(EXERCISE REQUIREMENTS)
Hunt through the lines below for the string "image" and copy each one that has it.

Segment Start: DATA TO PROCESS

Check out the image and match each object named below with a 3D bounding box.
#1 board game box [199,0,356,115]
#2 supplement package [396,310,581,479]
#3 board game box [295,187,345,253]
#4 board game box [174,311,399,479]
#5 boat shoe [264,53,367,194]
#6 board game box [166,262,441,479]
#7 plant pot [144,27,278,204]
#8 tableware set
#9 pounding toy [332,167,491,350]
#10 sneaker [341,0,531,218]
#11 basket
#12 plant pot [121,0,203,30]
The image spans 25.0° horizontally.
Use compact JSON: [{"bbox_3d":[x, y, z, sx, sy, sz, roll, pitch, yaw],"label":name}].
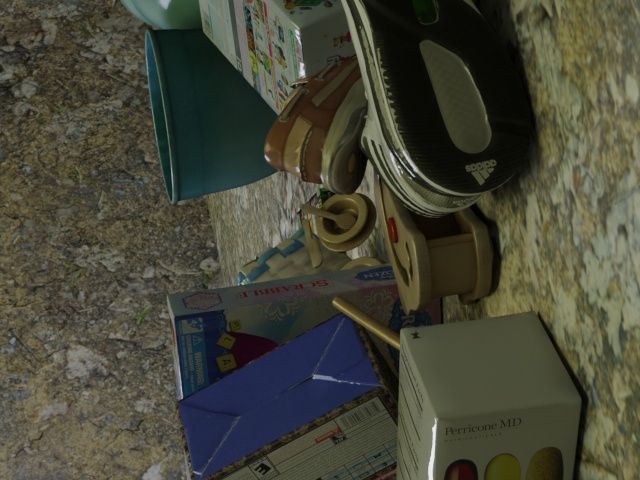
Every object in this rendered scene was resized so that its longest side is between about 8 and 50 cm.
[{"bbox_3d":[-0.059,-0.300,1.937,0.303,0.097,0.224,51,159,35],"label":"board game box"},{"bbox_3d":[0.150,0.207,1.356,0.134,0.139,0.244,-110,15,-54],"label":"supplement package"},{"bbox_3d":[0.000,0.000,2.353,0.260,0.030,0.136,137,122,-78],"label":"board game box"},{"bbox_3d":[0.013,0.261,1.625,0.291,0.232,0.141,58,-174,-37],"label":"board game box"},{"bbox_3d":[0.015,-0.155,1.655,0.324,0.116,0.123,-59,-23,-65],"label":"boat shoe"},{"bbox_3d":[-0.010,0.195,1.739,0.066,0.318,0.318,-120,23,-63],"label":"board game box"},{"bbox_3d":[-0.126,-0.209,2.236,0.271,0.255,0.271,171,90,-81],"label":"plant pot"},{"bbox_3d":[0.039,0.014,1.855,0.039,0.128,0.194,43,-154,-51],"label":"tableware set"},{"bbox_3d":[0.086,0.007,1.511,0.154,0.155,0.269,91,167,-61],"label":"pounding toy"},{"bbox_3d":[0.062,-0.229,1.420,0.257,0.169,0.447,127,132,-73],"label":"sneaker"},{"bbox_3d":[0.016,0.149,1.970,0.289,0.201,0.254,39,152,21],"label":"basket"},{"bbox_3d":[-0.158,-0.444,2.286,0.196,0.293,0.293,34,137,40],"label":"plant pot"}]

Segment End: DATA TO PROCESS

(EXERCISE SOLUTION)
Check out the image and match each object named below with a 3D bounding box.
The image spans 25.0° horizontally.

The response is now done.